Johnson shares her own hair story and amplifies the voices of women across the globe who, after years of chemically relaxing their hair, return to a “natural” style. Johnson describes how many women initially transition to natural hair out of curiosity or as a wellness practice but come to view their choice as political upon confronting personal insecurities and social stigma, both within and outside of the Black community. She also investigates “natural hair entrepreneurs,” who use their knowledge to create lucrative and socially transformative haircare ventures.
Distinct from a politics of respectability or Afrocentricity, Johnson’s argument is that today’s natural hair movement advances a politics of authenticity.

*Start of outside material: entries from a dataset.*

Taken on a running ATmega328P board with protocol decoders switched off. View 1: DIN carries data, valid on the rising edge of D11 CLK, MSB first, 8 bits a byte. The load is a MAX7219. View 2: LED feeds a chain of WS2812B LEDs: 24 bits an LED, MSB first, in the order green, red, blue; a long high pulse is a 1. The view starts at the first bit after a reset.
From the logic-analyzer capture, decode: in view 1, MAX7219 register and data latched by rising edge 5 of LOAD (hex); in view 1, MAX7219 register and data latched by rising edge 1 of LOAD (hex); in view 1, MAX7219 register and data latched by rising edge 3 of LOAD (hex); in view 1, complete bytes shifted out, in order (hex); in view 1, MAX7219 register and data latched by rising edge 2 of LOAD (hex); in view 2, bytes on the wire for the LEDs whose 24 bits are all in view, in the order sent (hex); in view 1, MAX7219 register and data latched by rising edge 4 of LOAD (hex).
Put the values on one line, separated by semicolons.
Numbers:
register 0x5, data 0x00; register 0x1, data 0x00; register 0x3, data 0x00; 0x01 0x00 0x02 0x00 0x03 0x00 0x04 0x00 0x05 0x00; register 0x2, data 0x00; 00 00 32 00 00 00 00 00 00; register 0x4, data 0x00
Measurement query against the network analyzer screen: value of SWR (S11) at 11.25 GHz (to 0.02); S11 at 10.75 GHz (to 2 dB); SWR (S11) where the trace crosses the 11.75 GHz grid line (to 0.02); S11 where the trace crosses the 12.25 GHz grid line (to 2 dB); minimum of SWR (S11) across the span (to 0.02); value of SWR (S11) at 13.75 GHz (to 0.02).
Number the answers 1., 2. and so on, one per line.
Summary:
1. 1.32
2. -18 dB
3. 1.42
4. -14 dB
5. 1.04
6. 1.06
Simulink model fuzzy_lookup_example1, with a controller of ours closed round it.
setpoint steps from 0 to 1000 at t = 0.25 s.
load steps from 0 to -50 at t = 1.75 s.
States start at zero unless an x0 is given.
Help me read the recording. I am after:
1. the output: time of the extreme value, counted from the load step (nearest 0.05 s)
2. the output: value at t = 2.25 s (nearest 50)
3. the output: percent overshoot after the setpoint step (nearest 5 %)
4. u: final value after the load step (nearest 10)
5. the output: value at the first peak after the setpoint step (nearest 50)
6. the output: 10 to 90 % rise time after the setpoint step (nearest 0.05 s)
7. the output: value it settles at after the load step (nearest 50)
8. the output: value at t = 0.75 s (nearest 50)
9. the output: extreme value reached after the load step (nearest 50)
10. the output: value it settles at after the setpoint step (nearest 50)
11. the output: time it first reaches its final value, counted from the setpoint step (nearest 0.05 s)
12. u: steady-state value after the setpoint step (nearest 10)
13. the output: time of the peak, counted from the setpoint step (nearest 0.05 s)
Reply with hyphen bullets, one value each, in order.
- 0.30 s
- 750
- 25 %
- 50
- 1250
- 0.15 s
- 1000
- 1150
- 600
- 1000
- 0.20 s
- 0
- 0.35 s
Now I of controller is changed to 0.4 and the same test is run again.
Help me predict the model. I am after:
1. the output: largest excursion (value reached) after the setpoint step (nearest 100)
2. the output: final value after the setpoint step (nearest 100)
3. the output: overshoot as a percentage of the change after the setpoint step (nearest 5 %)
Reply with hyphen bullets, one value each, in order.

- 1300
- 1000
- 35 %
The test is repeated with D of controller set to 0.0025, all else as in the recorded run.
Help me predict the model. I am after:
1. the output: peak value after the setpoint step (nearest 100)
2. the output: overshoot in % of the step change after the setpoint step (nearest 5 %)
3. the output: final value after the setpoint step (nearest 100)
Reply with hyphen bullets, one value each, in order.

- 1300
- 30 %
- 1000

She offers “going natural” as a practice of self-love and acceptance; a critique of exclusionary economic arrangements and an exploitative beauty industry; and an act of anti-racist political resistance.
Natural powerfully illustrates how the natural hair movement is part of a larger social change among Black women to assert their own purchasing power, standards of beauty, and bodily autonomy.
"Natural takes readers on a journey across four continents to examine Black women’s hair care. Chelsea Mary Elise Johnson offers fresh insights on topics such as Black femininity, texturism, and the technologies of resistance. This book is a blueprint for studying the natural hair movement in the age of social media."
"Johnson says something new and unprecedented about the ‘natural hair movement.’ Love and nuance colors every page of her book, and we need both to appreciate the beautiful hard-won truths of Black women’s pursuit and engagement with their own ‘natural’ hair. I implore you to read this book!"
"From Atlanta to Johannesburg Black women are constructing a new body politics as they create and sell products, share techniques, flaunt their locs, and debate who belongs in the natural hair movement. Natural explores the meaning and politics of natural hair in the twenty-first century. This nuanced study of the politics of Black women's hair makes important contributions to studies of race, gender and embodiment."
"Natural is an achievement, a cartography, and a love letter to contemporary Black beauty culture. This needed book crosses theoretical, disciplinary, and national borders to stitch together a diasporic, intersectional, and layered archive of the contemporary natural hair movement. In charting this movement, Johnson helps us understand ‘going natural’ in relation to longer struggles for racial justice, Black liberation, bodily autonomy, and ‘Black lives mattering.’ This book is a needed intervention that will be cited for years to come."
"Natural is a magnificent text. Johnson presents a remarkably insightful discussion of the natural hair movement through analyses that center embodiment, texturism, neoliberalism, entrepreneurship, and the green movement. By recognizing the natural hair movement as one that challenges mainstream conceptualizations of social movements, Natural will impress a broad audience."
"Natural presents a timely and multifaceted discussion of natural hair culture and politics that speaks to scholars and students of social movements, gender, beauty culture, and embodiment... Most illuminating is [Johnson's] engagement with women in their sixties who help detangle the distinction between earlier and contemporary moments in Black hair politics."